Data excerpts:

----------

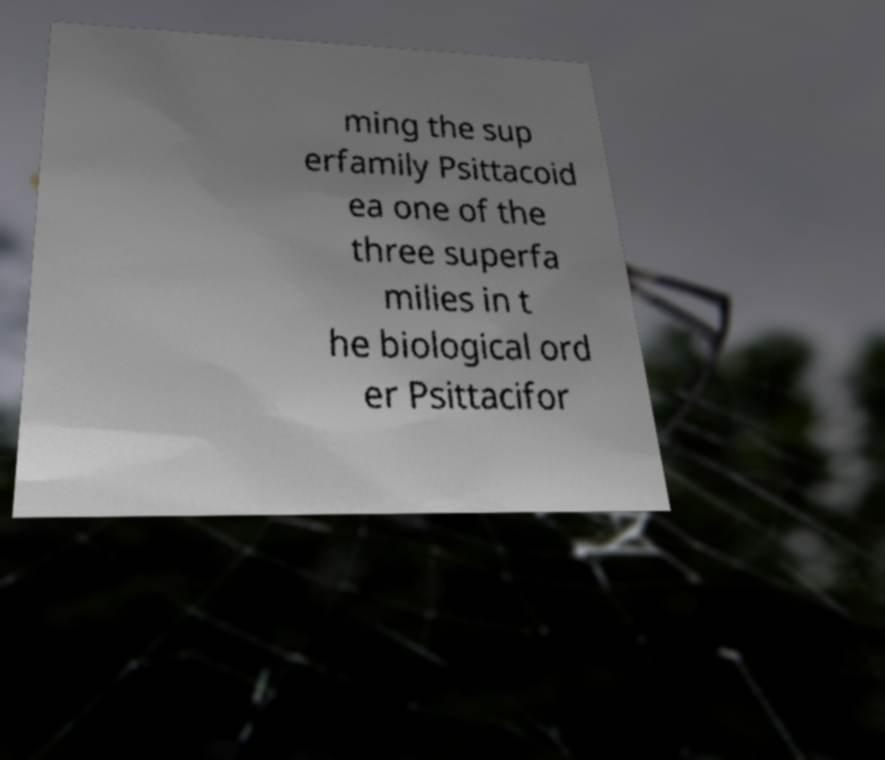Could you assist in decoding the text presented in this image and type it out clearly? ming the sup erfamily Psittacoid ea one of the three superfa milies in t he biological ord er Psittacifor 
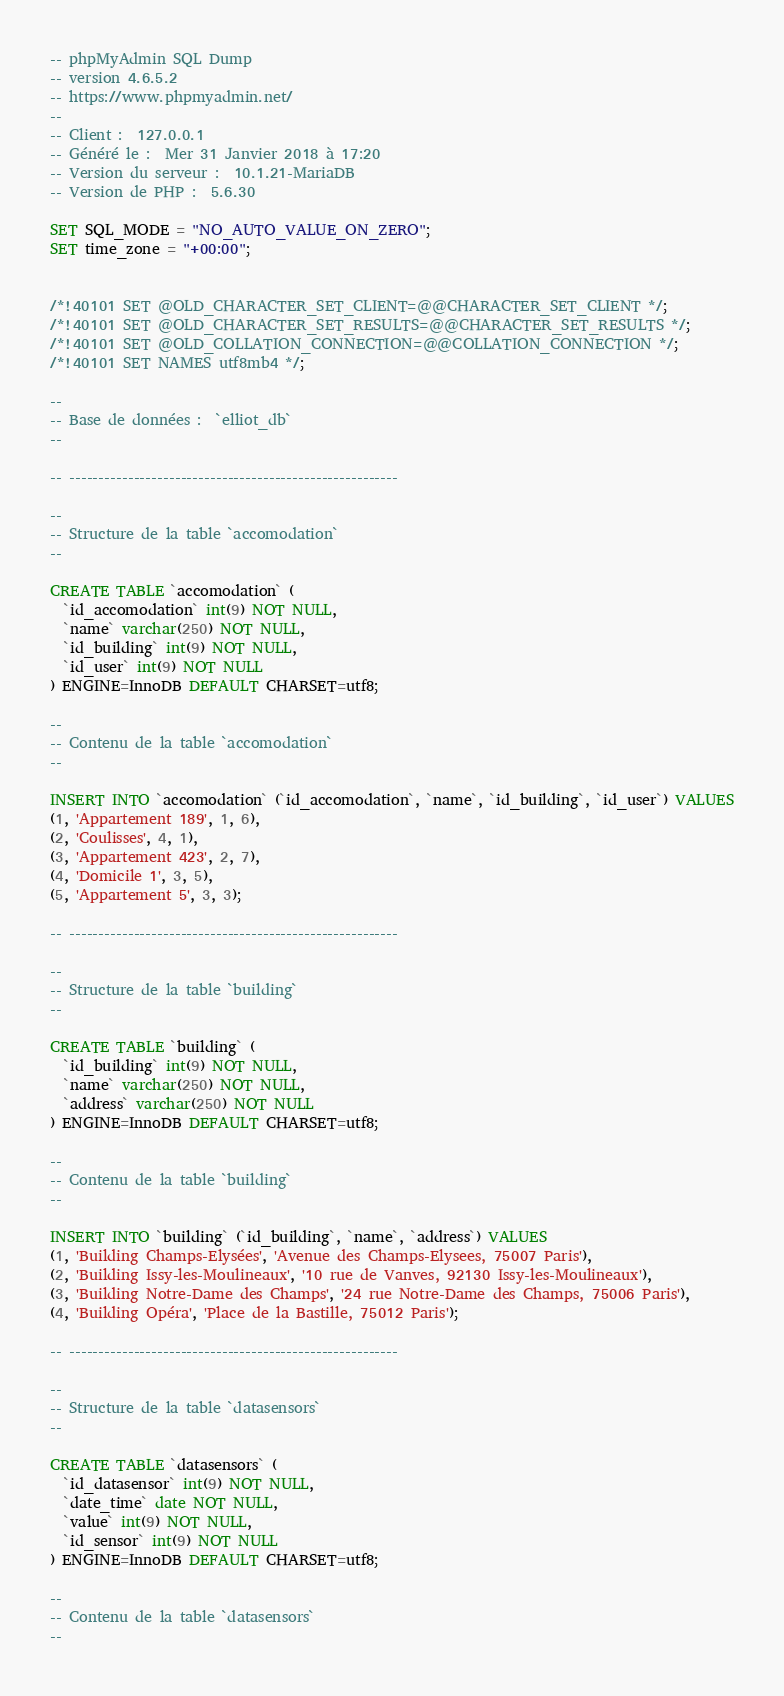Convert code to text. <code><loc_0><loc_0><loc_500><loc_500><_SQL_>-- phpMyAdmin SQL Dump
-- version 4.6.5.2
-- https://www.phpmyadmin.net/
--
-- Client :  127.0.0.1
-- Généré le :  Mer 31 Janvier 2018 à 17:20
-- Version du serveur :  10.1.21-MariaDB
-- Version de PHP :  5.6.30

SET SQL_MODE = "NO_AUTO_VALUE_ON_ZERO";
SET time_zone = "+00:00";


/*!40101 SET @OLD_CHARACTER_SET_CLIENT=@@CHARACTER_SET_CLIENT */;
/*!40101 SET @OLD_CHARACTER_SET_RESULTS=@@CHARACTER_SET_RESULTS */;
/*!40101 SET @OLD_COLLATION_CONNECTION=@@COLLATION_CONNECTION */;
/*!40101 SET NAMES utf8mb4 */;

--
-- Base de données :  `elliot_db`
--

-- --------------------------------------------------------

--
-- Structure de la table `accomodation`
--

CREATE TABLE `accomodation` (
  `id_accomodation` int(9) NOT NULL,
  `name` varchar(250) NOT NULL,
  `id_building` int(9) NOT NULL,
  `id_user` int(9) NOT NULL
) ENGINE=InnoDB DEFAULT CHARSET=utf8;

--
-- Contenu de la table `accomodation`
--

INSERT INTO `accomodation` (`id_accomodation`, `name`, `id_building`, `id_user`) VALUES
(1, 'Appartement 189', 1, 6),
(2, 'Coulisses', 4, 1),
(3, 'Appartement 423', 2, 7),
(4, 'Domicile 1', 3, 5),
(5, 'Appartement 5', 3, 3);

-- --------------------------------------------------------

--
-- Structure de la table `building`
--

CREATE TABLE `building` (
  `id_building` int(9) NOT NULL,
  `name` varchar(250) NOT NULL,
  `address` varchar(250) NOT NULL
) ENGINE=InnoDB DEFAULT CHARSET=utf8;

--
-- Contenu de la table `building`
--

INSERT INTO `building` (`id_building`, `name`, `address`) VALUES
(1, 'Building Champs-Elysées', 'Avenue des Champs-Elysees, 75007 Paris'),
(2, 'Building Issy-les-Moulineaux', '10 rue de Vanves, 92130 Issy-les-Moulineaux'),
(3, 'Building Notre-Dame des Champs', '24 rue Notre-Dame des Champs, 75006 Paris'),
(4, 'Building Opéra', 'Place de la Bastille, 75012 Paris');

-- --------------------------------------------------------

--
-- Structure de la table `datasensors`
--

CREATE TABLE `datasensors` (
  `id_datasensor` int(9) NOT NULL,
  `date_time` date NOT NULL,
  `value` int(9) NOT NULL,
  `id_sensor` int(9) NOT NULL
) ENGINE=InnoDB DEFAULT CHARSET=utf8;

--
-- Contenu de la table `datasensors`
--
</code> 
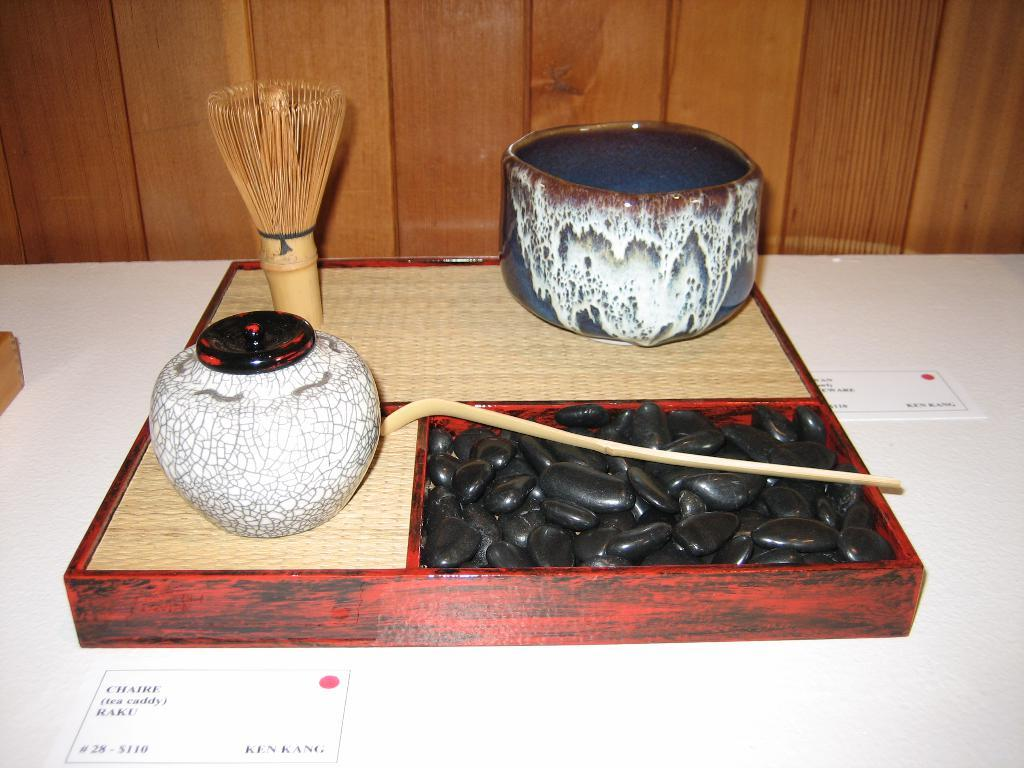What is located in the middle of the image? The wooden box is in the middle of the image. What is the wooden box containing? There are objects in a wooden box in the image. What is the color of the floor in the image? The wooden box is on a white color floor. What can be seen in the background of the image? There is a wooden wall in the background of the image. Can you see any seashore in the image? There is no seashore present in the image; it features a wooden box with objects on a white floor and a wooden wall in the background. 
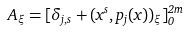Convert formula to latex. <formula><loc_0><loc_0><loc_500><loc_500>A _ { \xi } = [ \delta _ { j , s } + ( x ^ { s } , p _ { j } ( x ) ) _ { \xi } ] _ { 0 } ^ { 2 m }</formula> 
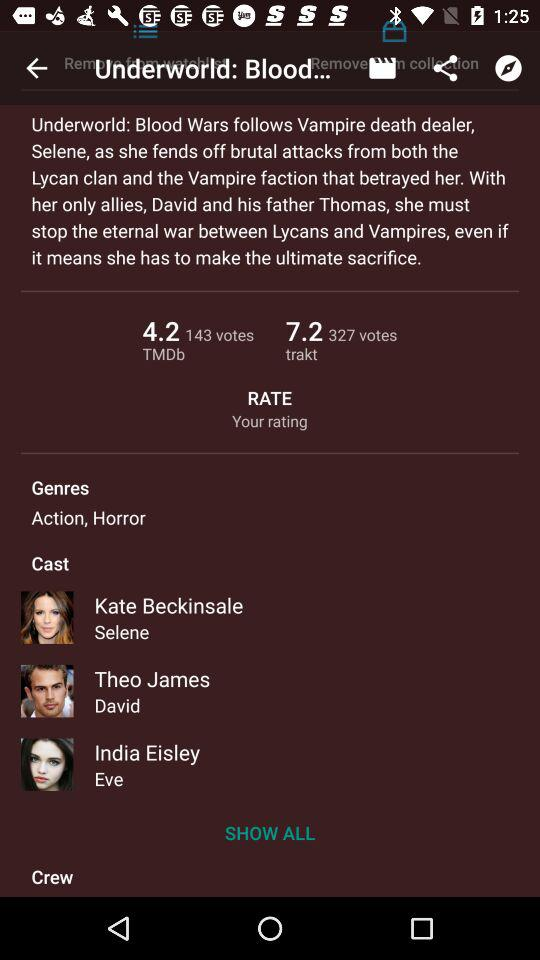What is the TMDb score? The score is 4.2. 
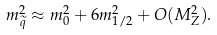Convert formula to latex. <formula><loc_0><loc_0><loc_500><loc_500>m _ { \widetilde { q } } ^ { 2 } \approx m _ { 0 } ^ { 2 } + 6 m _ { 1 / 2 } ^ { 2 } + O ( M _ { Z } ^ { 2 } ) .</formula> 
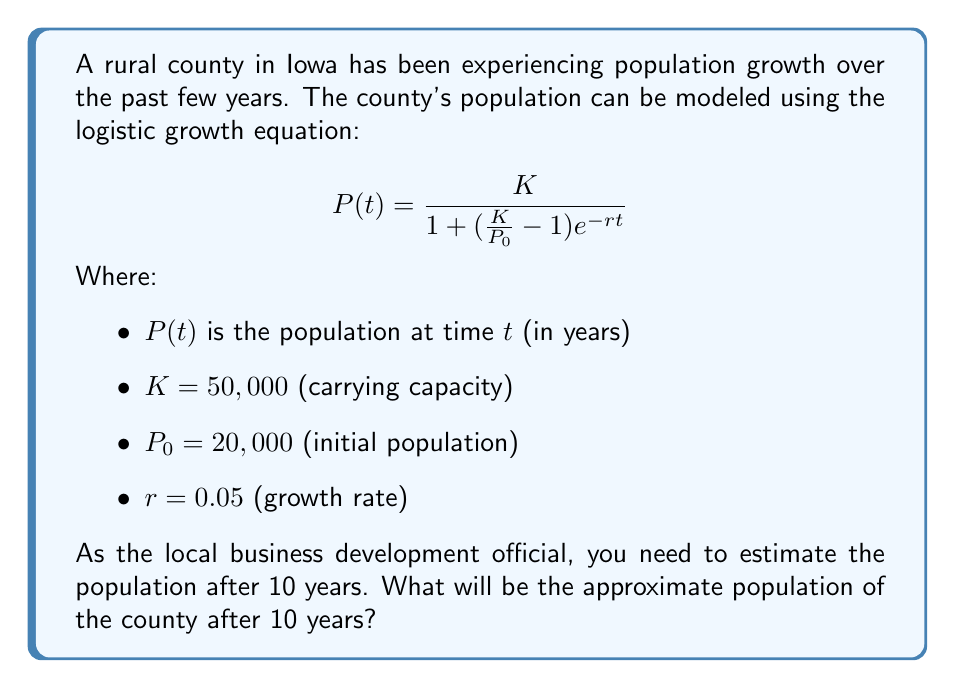What is the answer to this math problem? To solve this problem, we'll follow these steps:

1. We have the logistic growth equation:
   $$P(t) = \frac{K}{1 + (\frac{K}{P_0} - 1)e^{-rt}}$$

2. We're given the following values:
   $K = 50,000$
   $P_0 = 20,000$
   $r = 0.05$
   $t = 10$ years

3. Let's substitute these values into the equation:
   $$P(10) = \frac{50,000}{1 + (\frac{50,000}{20,000} - 1)e^{-0.05(10)}}$$

4. Simplify the fraction inside the parentheses:
   $$P(10) = \frac{50,000}{1 + (2.5 - 1)e^{-0.5}}$$

5. Simplify further:
   $$P(10) = \frac{50,000}{1 + 1.5e^{-0.5}}$$

6. Calculate $e^{-0.5}$:
   $$e^{-0.5} \approx 0.6065$$

7. Substitute this value:
   $$P(10) = \frac{50,000}{1 + 1.5(0.6065)}$$

8. Calculate the denominator:
   $$P(10) = \frac{50,000}{1 + 0.9098} = \frac{50,000}{1.9098}$$

9. Divide to get the final result:
   $$P(10) \approx 26,181$$

Therefore, after 10 years, the population of the county will be approximately 26,181 people.
Answer: 26,181 people 
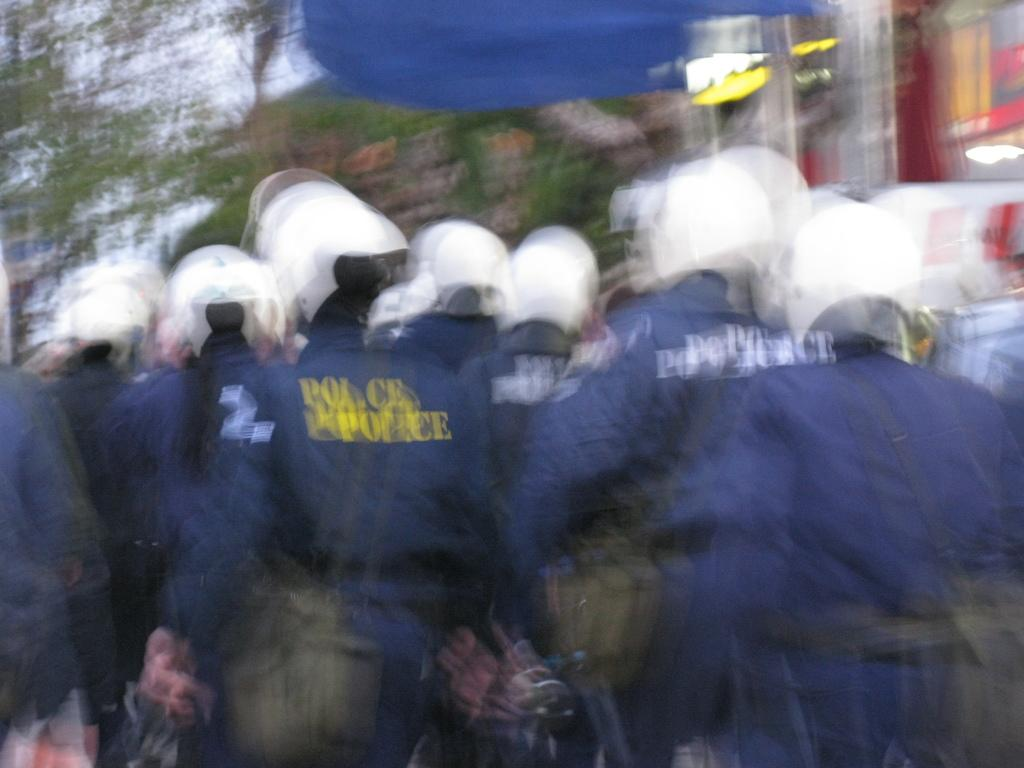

----------

**EXERCISE DIRECTIONS**
What are the lines above that hold the string "Structure"? Copy them.

**RESPONSE TO THIS TASK**
-- Structure de la table `accomodation`
-- Structure de la table `building`
-- Structure de la table `datasensors`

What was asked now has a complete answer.